The Tax Administration keeps a close eye on the shadow economy, malpractice and fraud
The Tax Administration has sought to help companies in the coronavirus situation, for example by extending deadlines and easing the terms of payment arrangements. The exceptional circumstances also call for increased monitoring and control to ensure that these measures are not misused.
Because of the exceptional circumstances caused by the coronavirus, some exceptions have been made to the usual procedures followed in taxation. The Tax Administration has supported companies by extending deadlines, allocating more resources to the processing of VAT refunds, and easing the terms of payment arrangements. It is for the benefit of society and honest business operators to ensure that the shadow economy cannot take advantage of these measures.
Same old story: Most do the right thing, some don’t
Exceptional circumstances can create opportunities for fraudulent operators. The Tax Administration monitors the situation closely in cooperation with other Nordic tax authorities.
Examples of detected malpractice:
- Returns and reports filed to the tax authorities may contain false information, such as too little VAT or falsified turnover or wage payment data. This false or fictitious financial information is meant to improve the company’s credit standing and take advantage of the support and services offered by the welfare state.

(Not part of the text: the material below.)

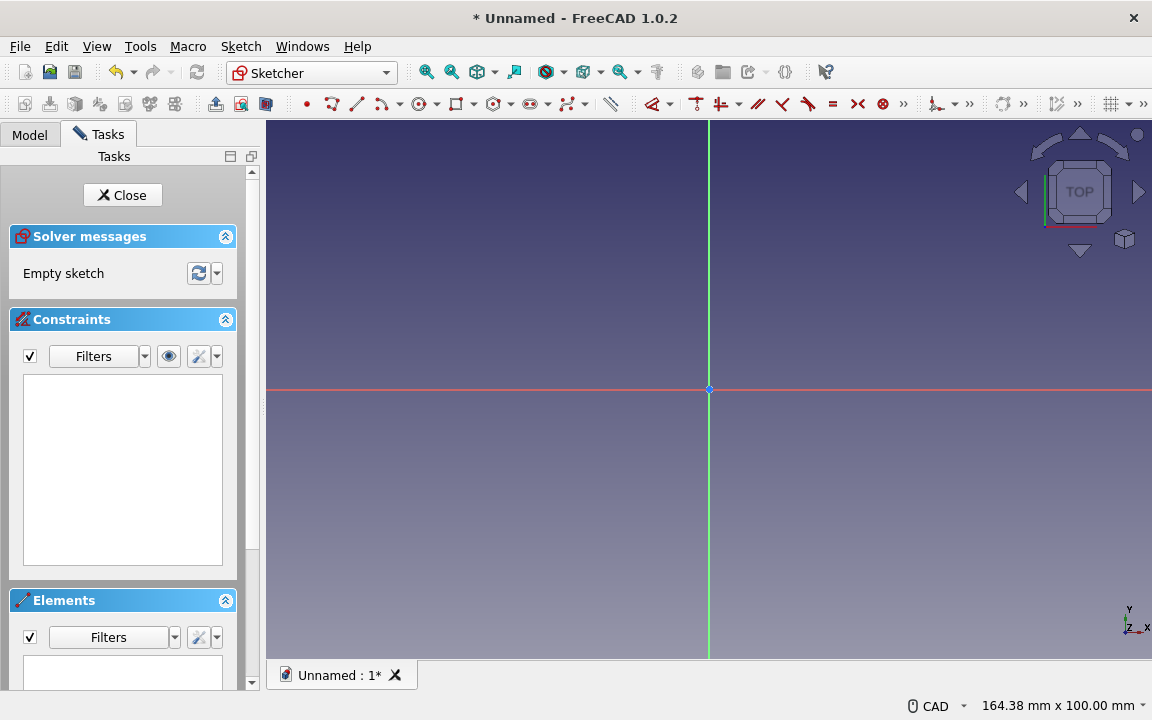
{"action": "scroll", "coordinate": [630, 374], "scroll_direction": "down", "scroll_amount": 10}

- It seems that accelerated procedures may increase the threat of identity misuse and refund fraud. These are being monitored and controlled with special care.
- Bankruptcy-related crimes may increase as the number of mergers, acquisitions and changes in ownership rises.
- Money launderers may also try to take advantage of the corona situation. The Tax Administration has already reported money laundering based on their observations.
- Traditional tax crimes may also increase in these circumstances. For example, VAT returns can be changed retroactively without justification to gain financial benefit.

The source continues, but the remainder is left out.